1. La Juventus farà il triplete
2. Ronaldo capocannoniere 
3. Inter arriverà ancora in champions league 
4. L’inter scenderà in Europa League
5. Di Francesco esonerato 
6. Nesta esonerato dal Perugia
7. Inzaghi esonerato dal Bologna


Sul Milan mi esprimerò il giorno dopo la chiusura del mercato


----------



## Sam (20 Luglio 2018)

7vinte ha scritto:


> Scatenatevi,anche quest'anno con le profezie. A fine stagione le ordineremo e faremo la classifica,il vincitore sara il profeta di MW. Ogni profezia esatta varrà 3 punti. Se una profezia sarà "condivisa" con altri utenti ne varrà 2 (3 per il primo a farla). Le profezie sbagliate toglieranno un punto.

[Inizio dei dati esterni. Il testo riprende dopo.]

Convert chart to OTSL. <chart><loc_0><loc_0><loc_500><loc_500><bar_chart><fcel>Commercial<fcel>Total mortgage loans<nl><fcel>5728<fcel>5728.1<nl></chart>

Yonghong Li e Han Li chiederanno un prestito ad Elliott per aprire un ristorante cinese in Via Paolo Sarpi.


----------



## Clarenzio (20 Luglio 2018)

diavolo ha scritto:


> Juventus non retrocederà
> Roma non retrocederà
> Napoli non retrocederà
> Inter non retrocederà
> ...



Si va beh


----------



## elpacoderoma (30 Agosto 2018)

Conte al Milan
Milan in Champions
Higuain via a fine anno
Silva torna al Milan 
Castillejo titolare


----------